Because Col and row describe the positions of vertices in the upper left corner of the current coordinate box, you must pan-Col units along the X axis and pan-row units along the Z axis.
Float dx = x-Col;
Float DZ = z-row;

If DZ <1.0-dx is currently in the top triangle, otherwise it will be in the bottom triangle.

In the above triangle surface, along the triangle AB, AC two sides, with the vector q = (QX, A, qz) as the starting end of the two vectors u = (cellspacing, B-A, 0), V = (0, C-A,-cellspacing), then along the U axis of DX points linear difference, and then along the V axis of Dy points linear interpolation, given the X and zcoordinates, the Y component of the vector (q + dxu + dzv) is the height of the point.

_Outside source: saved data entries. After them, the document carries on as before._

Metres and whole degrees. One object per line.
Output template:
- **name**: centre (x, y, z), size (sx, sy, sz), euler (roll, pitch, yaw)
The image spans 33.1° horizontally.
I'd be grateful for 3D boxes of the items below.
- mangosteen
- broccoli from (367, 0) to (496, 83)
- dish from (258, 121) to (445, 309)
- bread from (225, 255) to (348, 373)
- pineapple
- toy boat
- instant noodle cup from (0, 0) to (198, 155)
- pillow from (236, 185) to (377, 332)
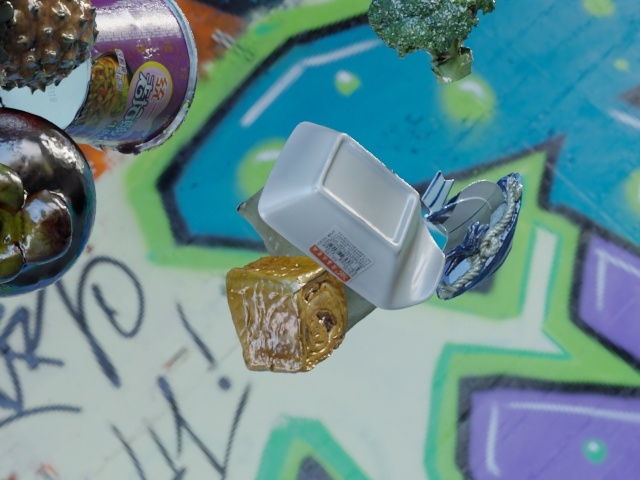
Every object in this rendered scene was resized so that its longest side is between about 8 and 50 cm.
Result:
- **mangosteen**: centre (-0.464, -0.053, 1.598), size (0.297, 0.313, 0.297), euler (-9, -77, -47)
- **broccoli**: centre (0.211, -0.416, 1.996), size (0.270, 0.270, 0.270), euler (-41, -52, -27)
- **dish**: centre (0.055, -0.028, 1.191), size (0.064, 0.234, 0.154), euler (-31, 28, 46)
- **bread**: centre (-0.050, 0.105, 1.590), size (0.143, 0.158, 0.149), euler (-4, 7, 30)
- **pineapple**: centre (-0.344, -0.205, 1.035), size (0.170, 0.141, 0.310), euler (-36, -2, 21)
- **toy boat**: centre (0.206, -0.003, 1.582), size (0.291, 0.070, 0.210), euler (-7, -60, -54)
- **instant noodle cup**: centre (-0.426, -0.307, 1.930), size (0.340, 0.340, 0.266), euler (-50, -13, 24)
- **pillow**: centre (0.000, 0.000, 1.754), size (0.185, 0.302, 0.075), euler (-40, -19, 15)
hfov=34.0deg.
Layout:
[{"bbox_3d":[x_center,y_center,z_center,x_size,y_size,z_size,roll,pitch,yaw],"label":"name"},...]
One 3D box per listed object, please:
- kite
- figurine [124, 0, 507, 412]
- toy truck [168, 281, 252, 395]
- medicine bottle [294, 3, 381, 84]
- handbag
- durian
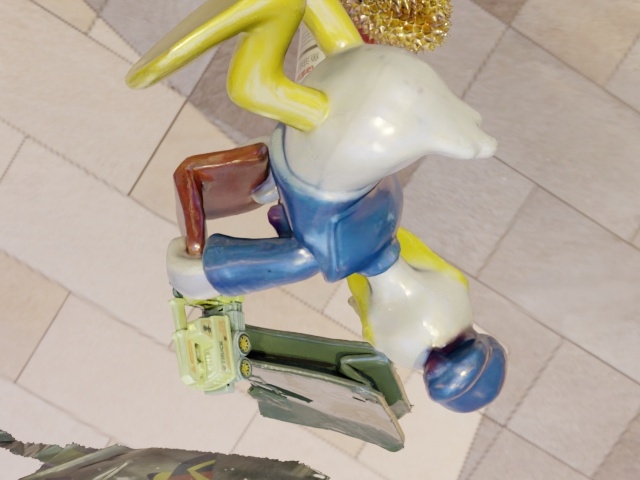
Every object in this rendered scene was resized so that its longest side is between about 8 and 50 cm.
[{"bbox_3d":[-0.121,0.103,0.410,0.245,0.141,0.015,9,117,34],"label":"kite"},{"bbox_3d":[0.000,0.000,0.693,0.283,0.204,0.338,-22,112,45],"label":"figurine"},{"bbox_3d":[-0.142,0.106,1.300,0.077,0.100,0.169,-11,73,33],"label":"toy truck"},{"bbox_3d":[0.026,-0.231,1.545,0.131,0.131,0.250,8,59,-5],"label":"medicine bottle"},{"bbox_3d":[-0.007,0.209,1.506,0.260,0.247,0.079,9,63,20],"label":"handbag"},{"bbox_3d":[0.091,-0.310,1.236,0.168,0.137,0.158,22,65,-27],"label":"durian"}]
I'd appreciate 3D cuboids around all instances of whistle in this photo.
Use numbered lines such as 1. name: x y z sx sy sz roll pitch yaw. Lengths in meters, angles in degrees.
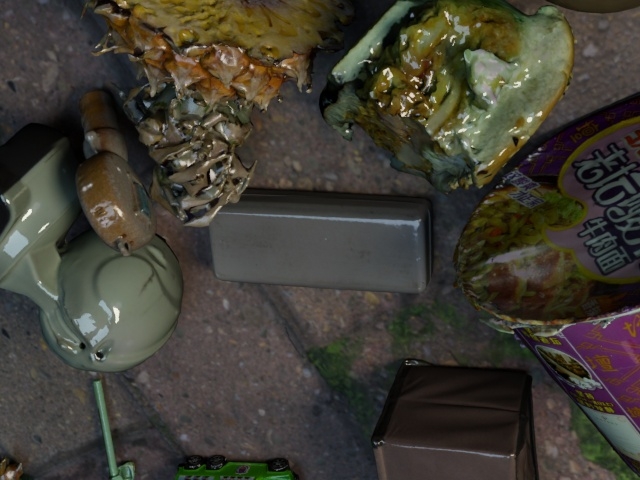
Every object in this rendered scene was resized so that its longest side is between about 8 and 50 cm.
1. whistle: -0.218 -0.073 1.114 0.057 0.220 0.107 -27 143 9

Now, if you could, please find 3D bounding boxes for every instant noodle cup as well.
1. instant noodle cup: 0.323 0.054 0.955 0.340 0.340 0.266 -22 117 24

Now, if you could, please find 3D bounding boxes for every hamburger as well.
1. hamburger: 0.117 -0.148 0.965 0.168 0.288 0.192 44 88 -3

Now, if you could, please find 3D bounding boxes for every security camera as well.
1. security camera: -0.275 0.024 1.175 0.277 0.191 0.197 44 119 -9

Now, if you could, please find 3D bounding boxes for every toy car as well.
1. toy car: -0.106 0.317 1.333 0.165 0.062 0.071 -2 113 17

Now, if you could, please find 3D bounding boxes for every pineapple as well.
1. pineapple: -0.121 -0.143 1.052 0.263 0.262 0.271 23 132 5

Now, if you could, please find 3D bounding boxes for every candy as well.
1. candy: -0.271 0.315 1.386 0.084 0.078 0.287 1 107 29

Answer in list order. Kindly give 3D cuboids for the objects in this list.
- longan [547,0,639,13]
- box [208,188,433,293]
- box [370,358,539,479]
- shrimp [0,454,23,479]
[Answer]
1. longan: 0.218 -0.297 0.852 0.246 0.246 0.215 -15 141 22
2. box: 0.000 0.000 1.156 0.244 0.055 0.103 4 116 15
3. box: 0.163 0.282 1.168 0.153 0.188 0.252 -2 112 17
4. shrimp: -0.484 0.324 1.454 0.187 0.051 0.132 -28 104 29
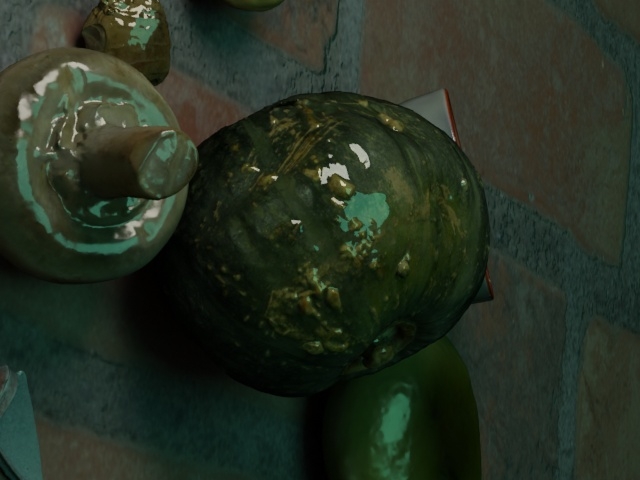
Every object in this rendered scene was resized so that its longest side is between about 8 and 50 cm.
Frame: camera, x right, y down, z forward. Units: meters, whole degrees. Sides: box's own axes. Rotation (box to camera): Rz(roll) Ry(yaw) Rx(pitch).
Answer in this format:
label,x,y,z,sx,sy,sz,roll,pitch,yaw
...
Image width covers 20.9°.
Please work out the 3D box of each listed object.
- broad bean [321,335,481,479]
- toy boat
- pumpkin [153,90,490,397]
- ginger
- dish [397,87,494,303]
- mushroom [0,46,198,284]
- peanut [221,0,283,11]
label,x,y,z,sx,sy,sz,roll,pitch,yaw
broad bean,0.092,0.225,1.861,0.238,0.119,0.291,12,73,-50
toy boat,-0.263,0.174,1.495,0.096,0.034,0.122,-62,138,-37
pumpkin,0.000,0.000,1.647,0.257,0.291,0.327,57,23,18
ginger,-0.183,-0.157,1.625,0.096,0.067,0.165,16,84,-50
dish,0.109,-0.037,1.892,0.256,0.117,0.256,-13,90,-84
mushroom,-0.190,-0.065,1.469,0.207,0.215,0.207,1,88,-39
peanut,-0.068,-0.386,1.752,0.147,0.147,0.319,8,75,-51
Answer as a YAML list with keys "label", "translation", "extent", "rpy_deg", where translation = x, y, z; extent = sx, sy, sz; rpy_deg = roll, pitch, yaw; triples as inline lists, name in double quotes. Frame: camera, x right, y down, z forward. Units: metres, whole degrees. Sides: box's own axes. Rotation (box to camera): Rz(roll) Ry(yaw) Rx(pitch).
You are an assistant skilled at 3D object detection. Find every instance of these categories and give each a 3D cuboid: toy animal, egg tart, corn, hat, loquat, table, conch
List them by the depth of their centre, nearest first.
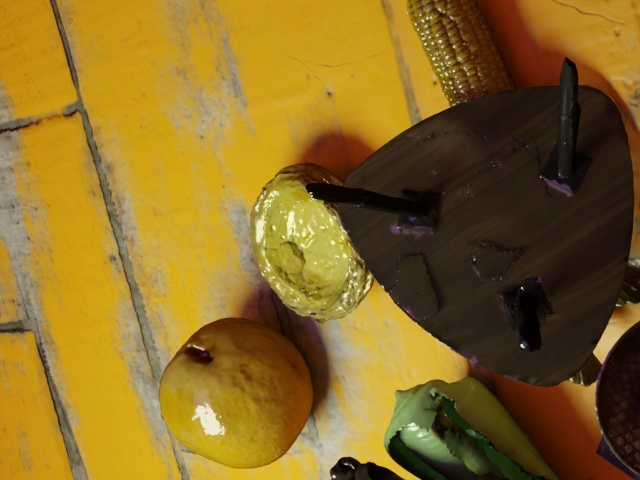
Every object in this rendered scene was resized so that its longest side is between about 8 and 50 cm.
- label: "table"
  translation: [0.167, -0.009, 1.278]
  extent: [0.317, 0.249, 0.317]
  rpy_deg: [-1, 85, 14]
- label: "hat"
  translation: [0.374, 0.150, 1.370]
  extent: [0.193, 0.082, 0.193]
  rpy_deg: [1, 101, 7]
- label: "toy animal"
  translation: [0.256, 0.077, 1.456]
  extent: [0.155, 0.219, 0.095]
  rpy_deg: [-104, 3, -55]
- label: "corn"
  translation: [0.164, -0.184, 1.459]
  extent: [0.080, 0.080, 0.238]
  rpy_deg: [-28, 86, 48]
- label: "conch"
  translation: [0.186, 0.249, 1.554]
  extent: [0.250, 0.137, 0.143]
  rpy_deg: [37, 128, 30]
- label: "egg tart"
  translation: [0.002, 0.000, 1.690]
  extent: [0.212, 0.090, 0.213]
  rpy_deg: [19, 117, 43]
- label: "loquat"
  translation: [-0.113, 0.206, 1.810]
  extent: [0.208, 0.208, 0.208]
  rpy_deg: [19, 118, 41]

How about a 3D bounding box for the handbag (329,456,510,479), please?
- label: "handbag"
  translation: [0.154, 0.360, 1.550]
  extent: [0.285, 0.113, 0.257]
  rpy_deg: [4, 131, 41]

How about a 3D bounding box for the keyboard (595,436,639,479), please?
- label: "keyboard"
  translation: [0.377, 0.255, 1.447]
  extent: [0.176, 0.014, 0.055]
  rpy_deg: [34, 126, 33]

Note: because only the height interpolation is concerned, only the Y component can be interpolated. In this way, the height of a specified vertex can be obtained by formula A + dxu + dzv.

Float Height = 0.0f;
If (Dz <1.0f-dx) // upper Triangle ABC
{
Float Uy = B-A; // A-> B
Float Vy = C-A; // A-> C

Height = a + d3d: lerp (0.0f, Uy, dx) + d3d: lerp (0.0f, Vy, Dz );
 
}
Else // lower triangle DCB
{
Float Uy = C-D; // D-> C
Float Vy = B-D; // D-> B
Height = d + d3d: lerp (0.0f, Uy, 1.0f-dx) + d3d: lerp (0.0f, Vy, 1.0f-Dz );
}

The lerp function supports linear interpolation along the ID line.
Float d3d: lerp (float a, float B, float T)
{
Return a-(A * t) + (B * t );
}
 
The d3dxsplitmesh function splits the terrain mesh into several smaller subgrids.
Void d3dxsplitmesh (
Lpd3dxmesh pmeshin,
Const DWORD * padjacencyin,
Const DWORD maxsize,
Const DWORD options,
DWORD * pmeshesout,
Lpd3dxbuffer * ppmesharrayout,
Lpd3dxbuffer * ppadjacencyarrayout,
Lpd3dxbuffer * ppfaceremaparrayout,
Lpd3dxbuffer * ppvertremaparrayout );

# Pmeshin is used to receive source grids. Then, this function can split the source mesh into several smaller grids.
# Padjacencyin is a pointer to an array adjacent to the source mesh.
# Maxsize is used to specify the maximum number of vertices allowed by the split Mesh
# Option flag specifies the option for split grid Creation
# Pmeshesout returns the created grid array, and the created grid is saved in the array cache directed by the ppmesharrayout parameter.
The last three parameters are optional (null indicates ignore these parameters), and the adjacent array, patch re-painting information, and vertex re-painting information of each newly created grid are returned respectively.